Problem description
The records that follow are to be repeated in full, with no pictures retained.

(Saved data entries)
★ ★ ★ ★

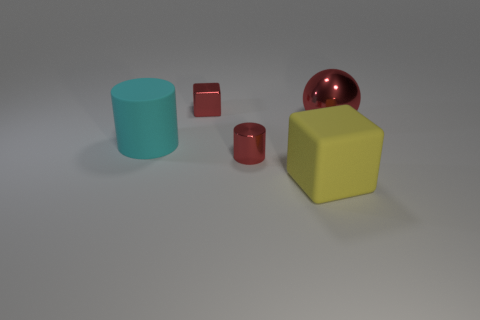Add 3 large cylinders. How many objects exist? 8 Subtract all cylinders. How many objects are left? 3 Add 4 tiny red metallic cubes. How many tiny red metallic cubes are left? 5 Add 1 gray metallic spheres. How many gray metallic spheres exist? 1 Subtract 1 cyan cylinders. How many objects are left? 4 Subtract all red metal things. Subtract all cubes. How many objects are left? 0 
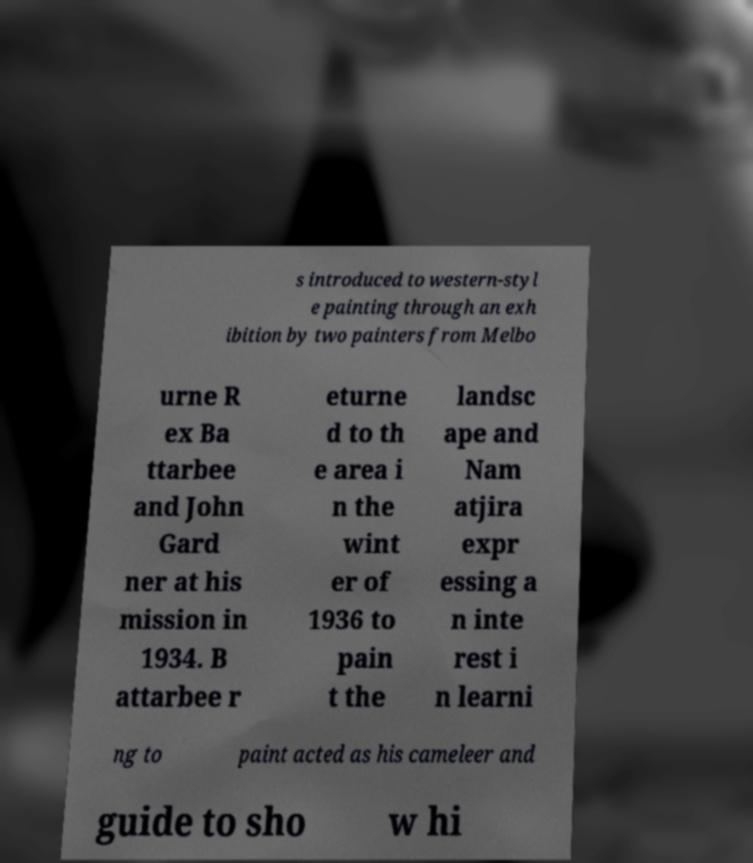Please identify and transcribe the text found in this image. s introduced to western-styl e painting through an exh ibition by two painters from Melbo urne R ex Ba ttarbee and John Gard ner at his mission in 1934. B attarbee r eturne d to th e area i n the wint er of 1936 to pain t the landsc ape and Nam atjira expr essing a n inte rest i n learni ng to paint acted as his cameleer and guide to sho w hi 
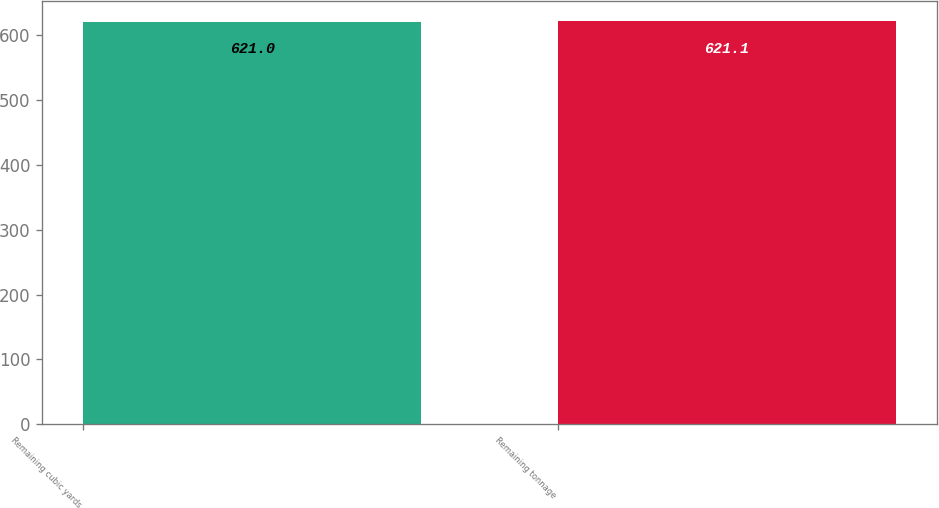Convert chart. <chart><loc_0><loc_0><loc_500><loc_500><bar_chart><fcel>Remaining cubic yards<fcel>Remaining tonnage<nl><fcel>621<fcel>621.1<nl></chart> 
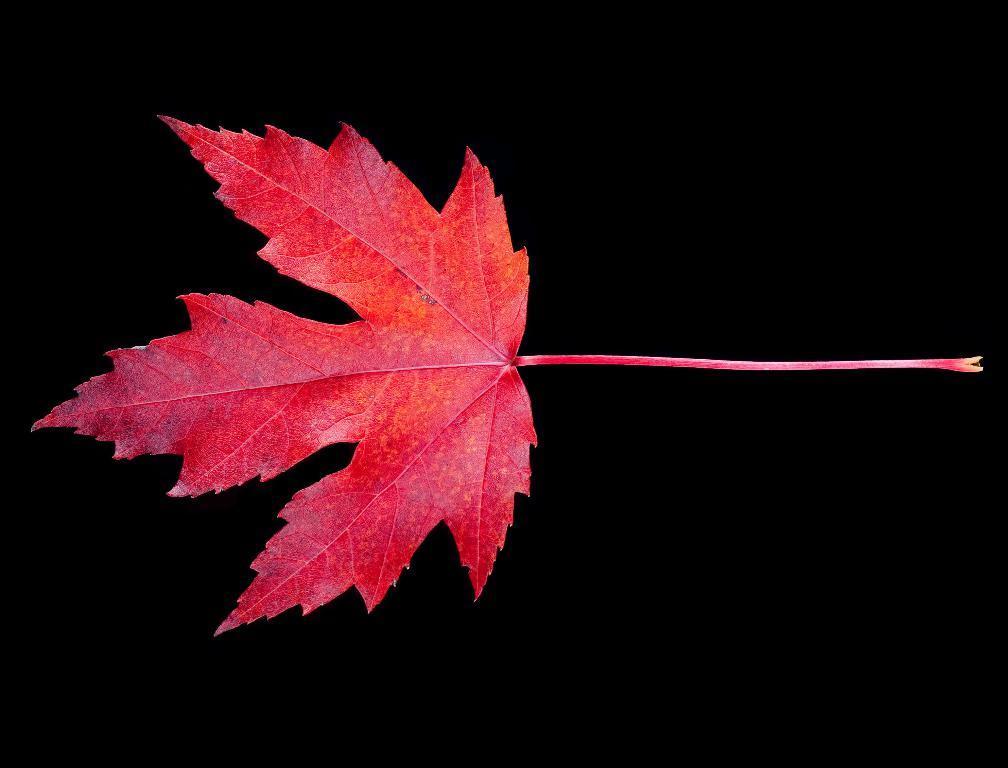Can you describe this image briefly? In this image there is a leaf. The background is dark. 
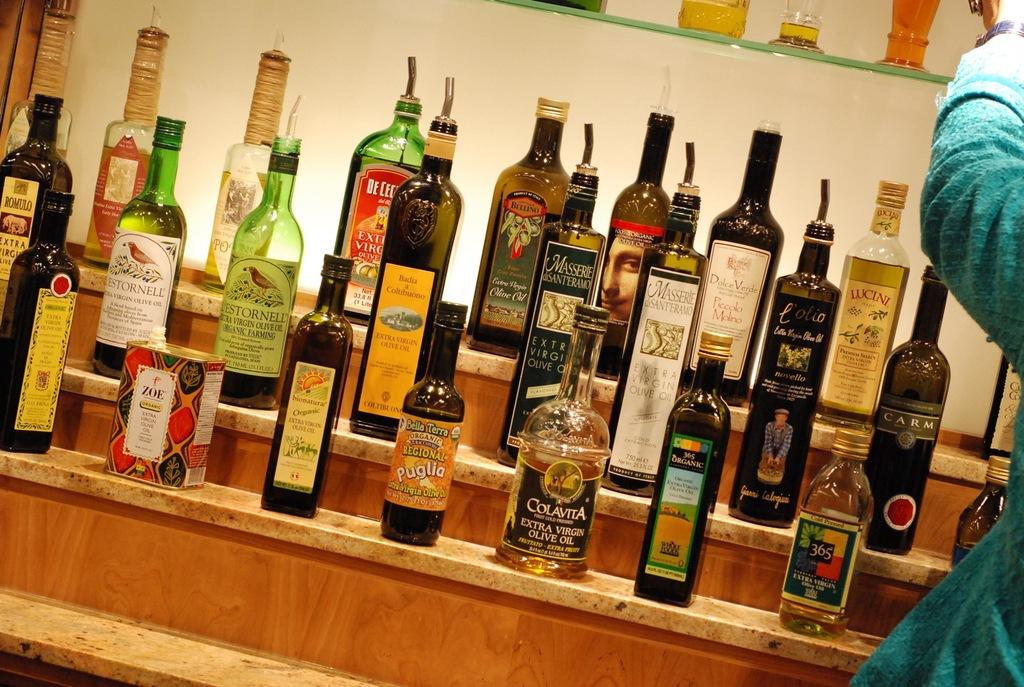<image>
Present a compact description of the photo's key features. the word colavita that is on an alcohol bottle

★ ★ ★ ★

Answer to this exercise
Add 3 large cylinders. How many objects exist? 8 Subtract all cylinders. How many objects are left? 3 Add 4 tiny red metallic cubes. How many tiny red metallic cubes are left? 5 Add 1 gray metallic spheres. How many gray metallic spheres exist? 1 Subtract 1 cyan cylinders. How many objects are left? 4 Subtract all red metal things. Subtract all cubes. How many objects are left? 0 
Please identify and transcribe the text found in this image. s introduced to western-styl e painting through an exh ibition by two painters from Melbo urne R ex Ba ttarbee and John Gard ner at his mission in 1934. B attarbee r eturne d to th e area i n the wint er of 1936 to pain t the landsc ape and Nam atjira expr essing a n inte rest i n learni ng to paint acted as his cameleer and guide to sho w hi 
Convert chart. <chart><loc_0><loc_0><loc_500><loc_500><bar_chart><fcel>Remaining cubic yards<fcel>Remaining tonnage<nl><fcel>621<fcel>621.1<nl></chart> 
Can you describe this image briefly? In this image there is a leaf. The background is dark. 
<image>
Present a compact description of the photo's key features. the word colavita that is on an alcohol bottle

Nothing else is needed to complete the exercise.